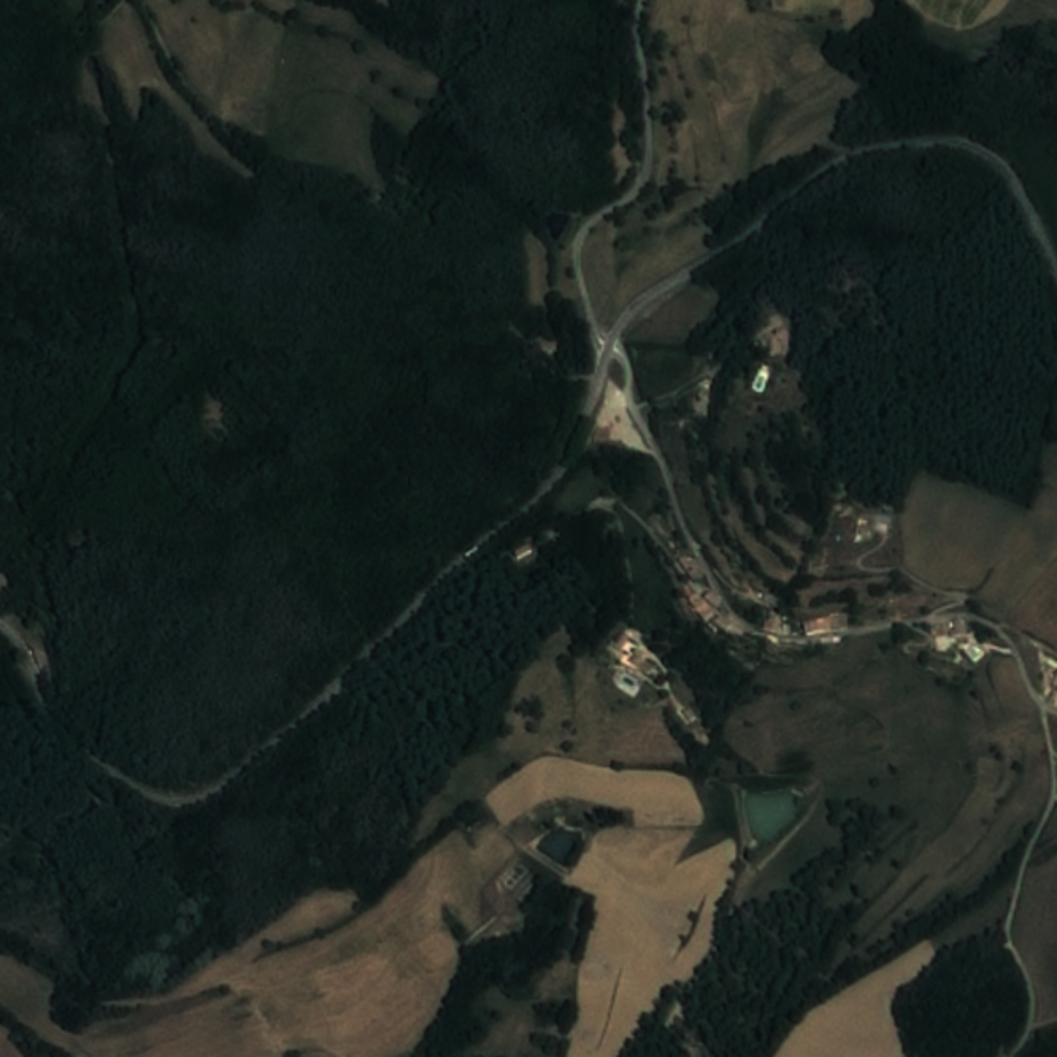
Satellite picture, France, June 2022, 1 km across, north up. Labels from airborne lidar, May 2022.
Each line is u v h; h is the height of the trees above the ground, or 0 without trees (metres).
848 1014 0
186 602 20
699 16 0
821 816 0
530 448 17
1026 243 29
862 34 16
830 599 9
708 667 14
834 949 12
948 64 20
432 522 17
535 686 0
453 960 0
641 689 0
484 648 29
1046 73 13
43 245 11
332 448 19
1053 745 0
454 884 0
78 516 18
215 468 8
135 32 0
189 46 0
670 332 0
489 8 22
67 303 16
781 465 11
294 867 16
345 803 17
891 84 16
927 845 0
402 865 18
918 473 10
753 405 0
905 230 21
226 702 17
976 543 0
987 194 22
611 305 0
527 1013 0
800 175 9
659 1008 11
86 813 40
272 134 0
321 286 17
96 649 14
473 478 13
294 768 22
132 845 20
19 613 10
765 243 17
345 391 15
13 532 21
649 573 0
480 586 6
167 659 17
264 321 17
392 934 0
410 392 7
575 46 17
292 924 0
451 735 33
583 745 0
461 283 22
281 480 14
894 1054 0
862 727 0
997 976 12
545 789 0
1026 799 0
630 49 17
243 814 18
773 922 11
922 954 0
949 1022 16
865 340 20
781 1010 17
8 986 0
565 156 17
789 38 0
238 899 19
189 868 19
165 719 21
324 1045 0
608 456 11
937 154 13
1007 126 23
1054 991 0
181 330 16
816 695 0
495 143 18
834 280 19
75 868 38
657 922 0
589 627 9
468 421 14
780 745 0
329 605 17
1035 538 0
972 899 9
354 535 14
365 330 19
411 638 26
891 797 0
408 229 20
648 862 0
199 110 13
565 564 26
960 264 26
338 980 0
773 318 0
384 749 18
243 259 20
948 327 30
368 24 17
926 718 0
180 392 7
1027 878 0
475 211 21
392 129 15
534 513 12
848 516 0
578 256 0
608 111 14
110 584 25
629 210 10
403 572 15
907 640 12
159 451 16
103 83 15
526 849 0
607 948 0
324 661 15
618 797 0
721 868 0
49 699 15
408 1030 0
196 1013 0
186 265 19
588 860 0
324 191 20
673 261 0
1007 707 0
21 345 15
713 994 14
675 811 0
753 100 0
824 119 0
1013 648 0
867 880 0
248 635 15
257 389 16
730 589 0
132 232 15
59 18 16
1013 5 0
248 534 16
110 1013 13
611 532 11
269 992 0
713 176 0
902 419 31
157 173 19
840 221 22
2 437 21
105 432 9
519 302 18
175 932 20
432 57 22
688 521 0
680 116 14
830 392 9
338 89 0
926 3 0
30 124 15
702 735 0
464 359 13
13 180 11
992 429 32
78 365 20
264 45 0
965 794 0
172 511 12
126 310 25

**BRIEF**
Please retype every entry above exactly, leaving out any picture.

**TASK RESPONSE**
Satellite picture, France, June 2022, 1 km across, north up. Labels from airborne lidar, May 2022.
Each line is u v h; h is the height of the trees above the ground, or 0 without trees (metres).
848 1014 0
186 602 20
699 16 0
821 816 0
530 448 17
1026 243 29
862 34 16
830 599 9
708 667 14
834 949 12
948 64 20
432 522 17
535 686 0
453 960 0
641 689 0
484 648 29
1046 73 13
43 245 11
332 448 19
1053 745 0
454 884 0
78 516 18
215 468 8
135 32 0
189 46 0
670 332 0
489 8 22
67 303 16
781 465 11
294 867 16
345 803 17
891 84 16
927 845 0
402 865 18
918 473 10
753 405 0
905 230 21
226 702 17
976 543 0
987 194 22
611 305 0
527 1013 0
800 175 9
659 1008 11
86 813 40
272 134 0
321 286 17
96 649 14
473 478 13
294 768 22
132 845 20
19 613 10
765 243 17
345 391 15
13 532 21
649 573 0
480 586 6
167 659 17
264 321 17
392 934 0
410 392 7
575 46 17
292 924 0
451 735 33
583 745 0
461 283 22
281 480 14
894 1054 0
862 727 0
997 976 12
545 789 0
1026 799 0
630 49 17
243 814 18
773 922 11
922 954 0
949 1022 16
865 340 20
781 1010 17
8 986 0
565 156 17
789 38 0
238 899 19
189 868 19
165 719 21
324 1045 0
608 456 11
937 154 13
1007 126 23
1054 991 0
181 330 16
816 695 0
495 143 18
834 280 19
75 868 38
657 922 0
589 627 9
468 421 14
780 745 0
329 605 17
1035 538 0
972 899 9
354 535 14
365 330 19
411 638 26
891 797 0
408 229 20
648 862 0
199 110 13
565 564 26
960 264 26
338 980 0
773 318 0
384 749 18
243 259 20
948 327 30
368 24 17
926 718 0
180 392 7
1027 878 0
475 211 21
392 129 15
534 513 12
848 516 0
578 256 0
608 111 14
110 584 25
629 210 10
403 572 15
907 640 12
159 451 16
103 83 15
526 849 0
607 948 0
324 661 15
618 797 0
721 868 0
49 699 15
408 1030 0
196 1013 0
186 265 19
588 860 0
324 191 20
673 261 0
1007 707 0
21 345 15
713 994 14
675 811 0
753 100 0
824 119 0
1013 648 0
867 880 0
248 635 15
257 389 16
730 589 0
132 232 15
59 18 16
1013 5 0
248 534 16
110 1013 13
611 532 11
269 992 0
713 176 0
902 419 31
157 173 19
840 221 22
2 437 21
105 432 9
519 302 18
175 932 20
432 57 22
688 521 0
680 116 14
830 392 9
338 89 0
926 3 0
30 124 15
702 735 0
464 359 13
13 180 11
992 429 32
78 365 20
264 45 0
965 794 0
172 511 12
126 310 25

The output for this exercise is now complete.